[Start of Attachment]

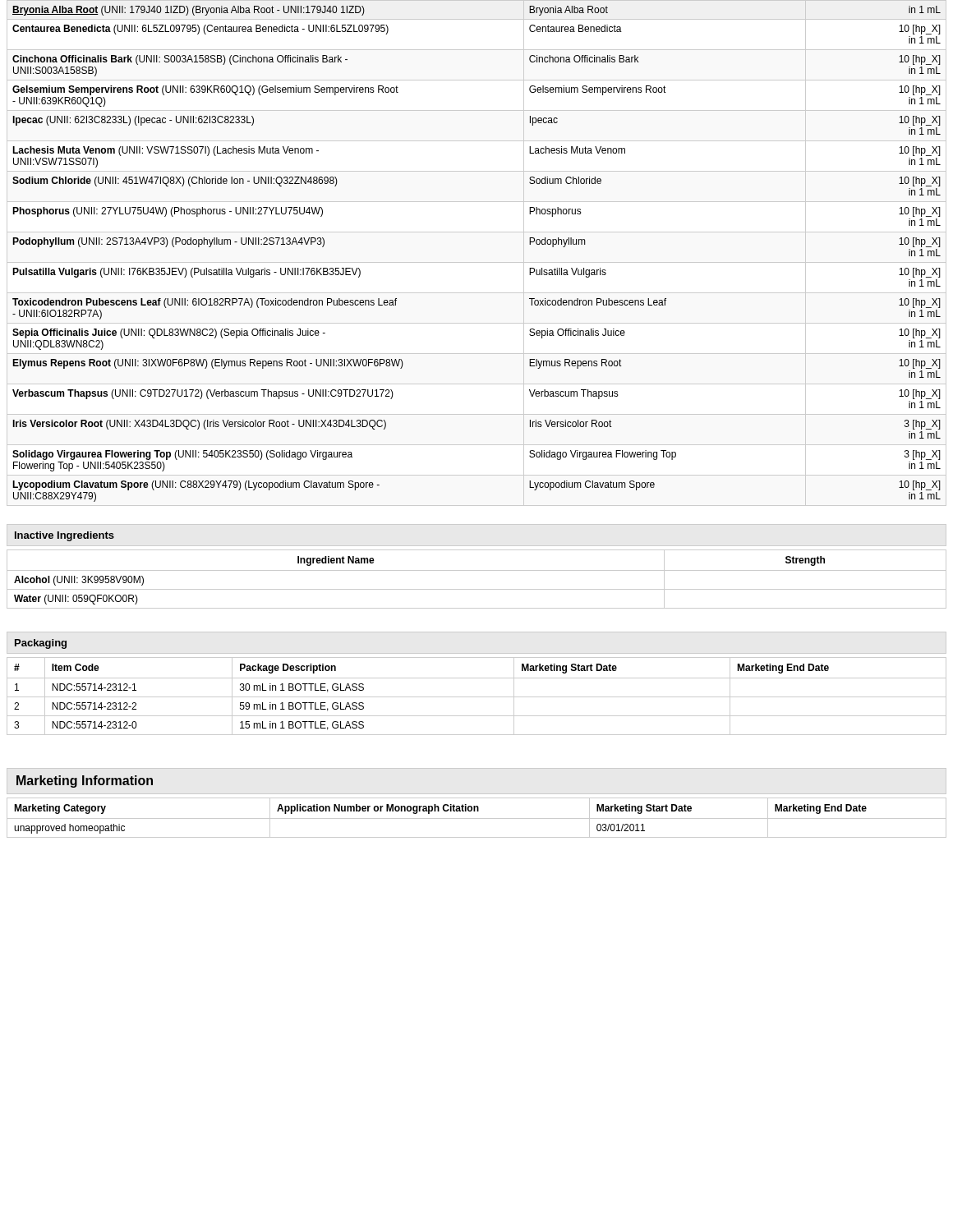This screenshot has width=953, height=1232.
Task: Select the table that reads "Pulsatilla Vulgaris"
Action: tap(476, 253)
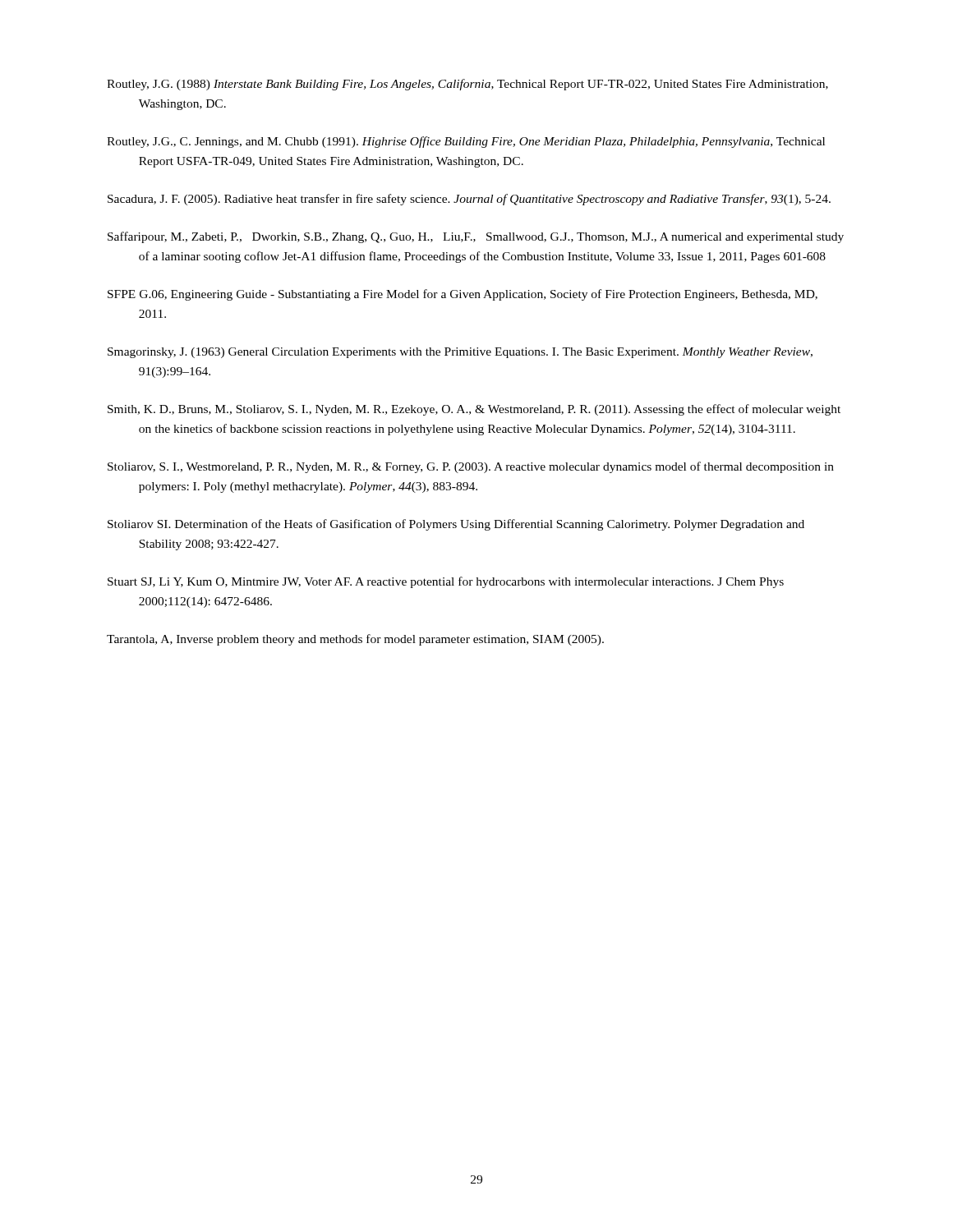
Task: Locate the text starting "Smith, K. D.,"
Action: pos(474,419)
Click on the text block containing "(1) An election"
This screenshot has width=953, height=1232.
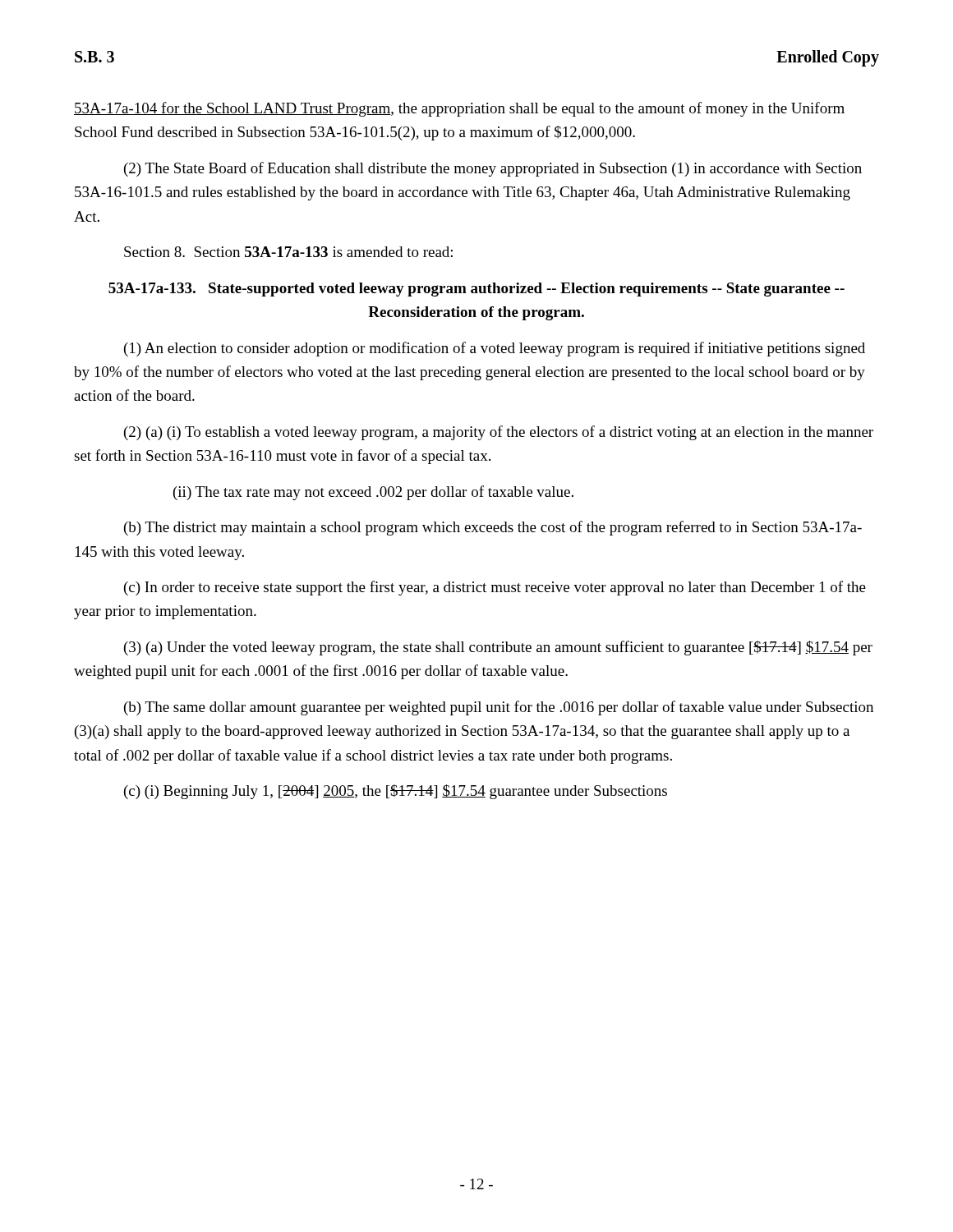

[End of Attachment]

Could you retype exactly the lines running from the one with "Click on the" to the end of the material above, pictures omitted?

Click on the text block containing "(1) An election"
This screenshot has width=953, height=1232.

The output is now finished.